We tested McAfee Nitro, which was not mature enough at the time compared to ArcSight.

Do a live PoC to test all needed features.

Think of use cases that you would like to deploy and make sure they are doable on the system, without additional licenses/appliances.

Choose a mature partner who is able to deliver the implementation even if it costs a bit more. The most common factor of failed SIEM experiences are due to bad implementations from non-experienced partners/engineers.

The most valuable features are flexible setup of the architecture and large coverage of devices. Most devices deployed in enterprise environments are covered out-of-the-box by ArcSight. Unlike a few other solutions, the last-mile connectivity with ArcSight agent servers is free and flexible across all location deployments.

I have implemented it for a few organizations and they have benefited by early attack detection and usage of the right incident response mechanisms.

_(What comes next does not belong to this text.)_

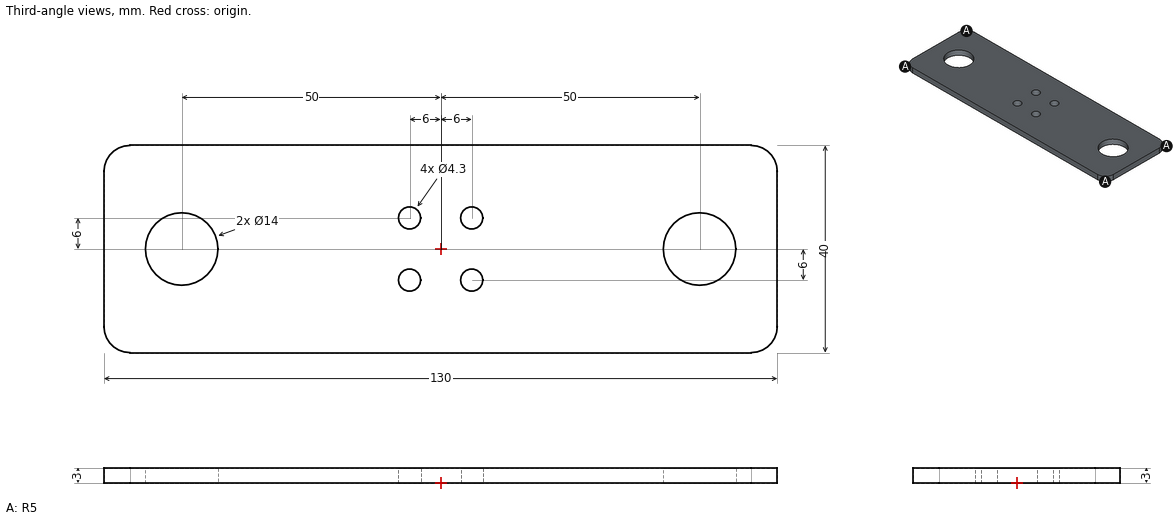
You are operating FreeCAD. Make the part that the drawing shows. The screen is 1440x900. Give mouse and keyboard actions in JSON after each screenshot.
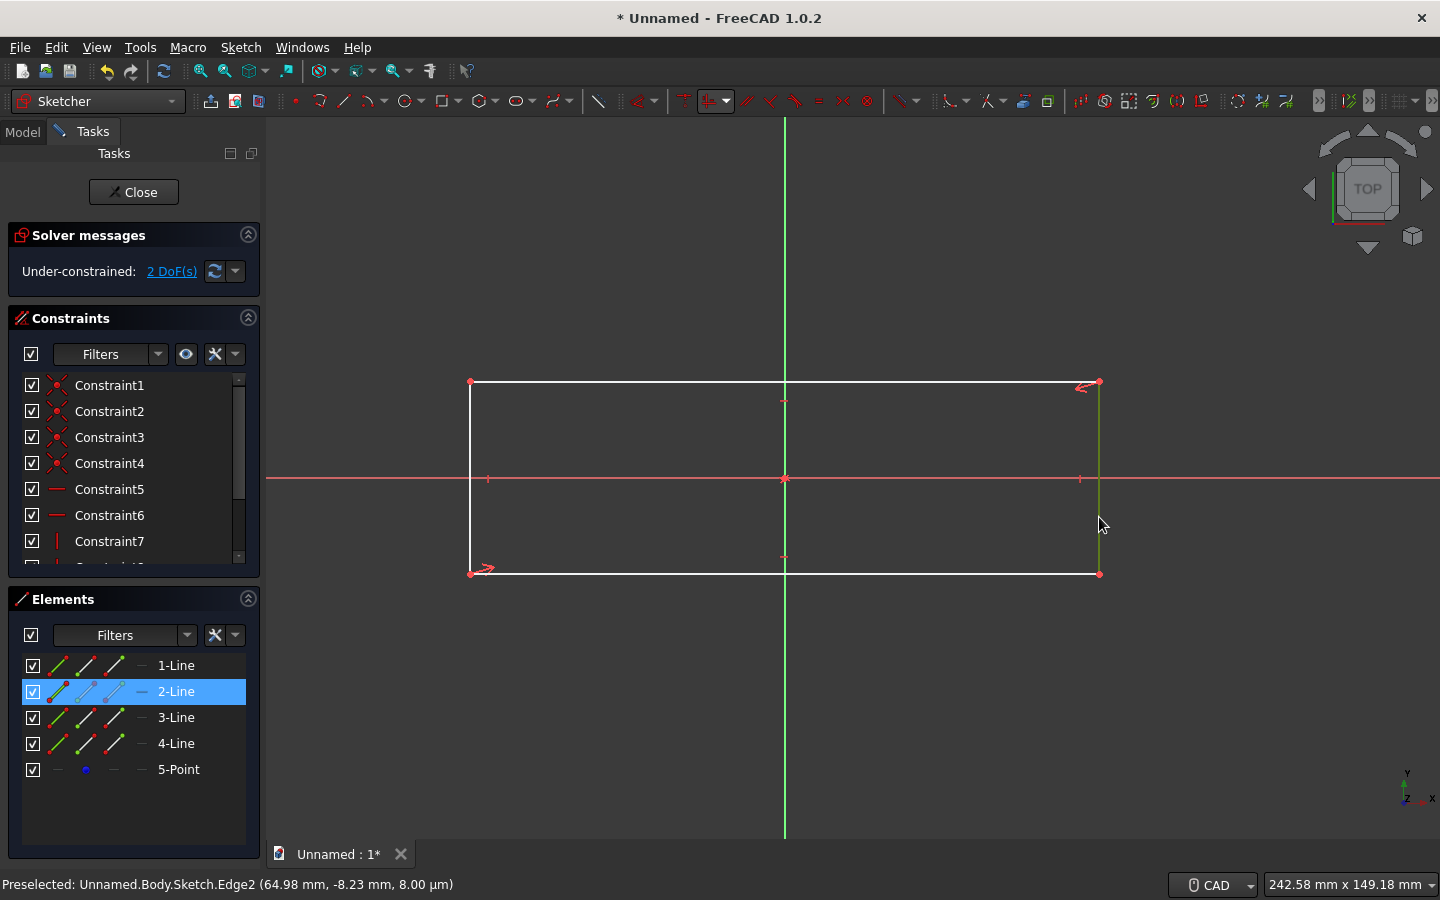
{"action": "key", "text": "i"}

I would like to see high-end, predictive analytics. ArcSight ESM has some features that help in advanced correlation rules creation. However, intelligence around predictive analytics, understanding the current security posture and ability to map it with possible threats in the future is not something that is present in ArcSight at the moment.

We’ve been using ArcSight for 3 years.

I have not had any issues with stability.

I have not had any issues with scalability.

I have never used technical support much, but will give it 3/5.

The connectors are straightforward. The baselining is where the issues start.

Licensing is straightforward, but the solution is fairly pricey.

We looked at QRadar and LogRhythm.

Ensure your scope is very clear and so are the components.